David, The problem clearly states that ABCD is a rectangle. So it is fair to assume AB = DC and AD = BC
not satisfied
so first we can tell that the length of segment BC and AD will be a multiple of both 3 and 2, because assuming the dimensions of the small rectangles to be integral, the length of BC and AD can both accommodate 3 widths of the smaller rectangle or 2 lengths. So, we find the most basic possible length of BC or AD. This would be 6 because it is the LCM of 3 and 2.
Then, we know that the length of AB and DC is the sum of the length and width or one small rectangle. Since the length of BC and AD are 6, the two dimensions of the smaller rectangle would be 3 x 2. Therefore, AB and DC would both be a length of 5.

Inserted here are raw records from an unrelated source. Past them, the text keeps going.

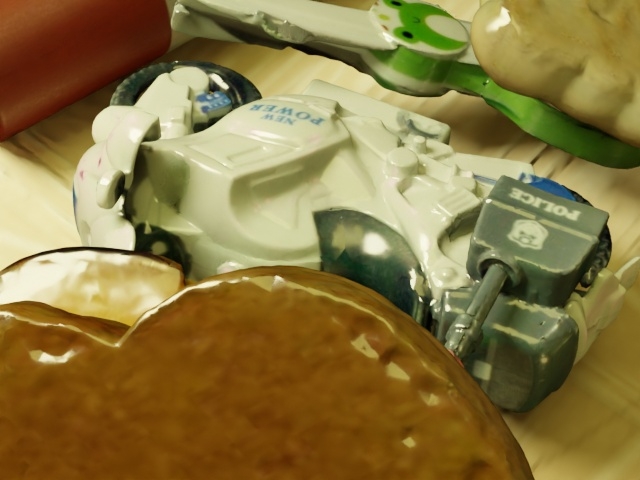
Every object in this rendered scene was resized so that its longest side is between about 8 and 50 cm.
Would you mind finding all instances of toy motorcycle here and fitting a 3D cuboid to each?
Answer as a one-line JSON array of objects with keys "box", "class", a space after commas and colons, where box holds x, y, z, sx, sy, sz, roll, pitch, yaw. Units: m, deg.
[{"box": [0.000, 0.000, 0.473, 0.221, 0.102, 0.150, 20, 45, 15], "class": "toy motorcycle"}]

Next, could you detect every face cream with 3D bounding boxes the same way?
[{"box": [-0.074, -0.134, 0.567, 0.214, 0.096, 0.096, -33, 61, -20], "class": "face cream"}]

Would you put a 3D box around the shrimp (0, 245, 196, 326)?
[{"box": [-0.031, 0.094, 0.400, 0.249, 0.150, 0.068, 25, 17, 5], "class": "shrimp"}]

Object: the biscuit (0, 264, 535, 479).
[{"box": [-0.071, 0.127, 0.357, 0.290, 0.041, 0.208, -37, 85, 7], "class": "biscuit"}]

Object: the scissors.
[{"box": [0.041, -0.079, 0.527, 0.204, 0.027, 0.101, 10, 36, -14], "class": "scissors"}]

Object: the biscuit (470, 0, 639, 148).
[{"box": [0.169, -0.156, 0.576, 0.217, 0.044, 0.325, 19, 53, -15], "class": "biscuit"}]

Therefore, we now know that the dimensions of the large rectangle are at a 5:6 ratio. By assuming 5 and 6 are the dimensions of the rectangle, we find the perimeter of the large rectangle to get 22. This means that by doubling it, we can achieve 44.
Therefore, we double each dimension of the larger rectangle to get a perimeter of 44. The new dimensions would be 10 x 12. This means that the dimensions of the smaller rectangles would be 4 x 6, because three 4's go into 12 and 2 6's go into 12. The perimeter of the smaller rectangle is therefore 2(6) + 2(4) = 20
From the diagram BC = AD. BC is made of 2 long(L), AD is made of 3 short(S), therefore 2 L equal 3 S. 2L = 3S or L = 1.5S given 44 = 2L + 2S substituting in the above, 44 = 3S + 2S, = 5S S = 44/5 = 8.8 L = 1.5S =13.2 This works with the larger perimeter L+L+S+S or 8.8+8.8+13.2+13.2 = 44 For the smaller rect we know 2L=13.2, L = 6.6 2L = 3S so S = 2.2 smaller perim of S+S+L+L or 2.2+2.2+6.6+6.6= 17.6
Ryan you are correct. 20 is the correct answer
To start off, I put the side lengths of the smaller rectangles in terms of x. The shorter side was 1x and I found the longer side would be 1.5x because 3 shorter sides are the same length as 2 long sides (3x=2x -> 1.5x=1x). This would make AB=2.5x and BC=3x. The total perimeter would be 11x since AB=DC and BC=AD. Solving for x, I got x=4 (44=11x -> 4=x). To finish up the problem, I found the perimeter in terms of x for the smaller rectangles (1.5x+1.5x+1x+1x=5x) and I plugged in 4 for x.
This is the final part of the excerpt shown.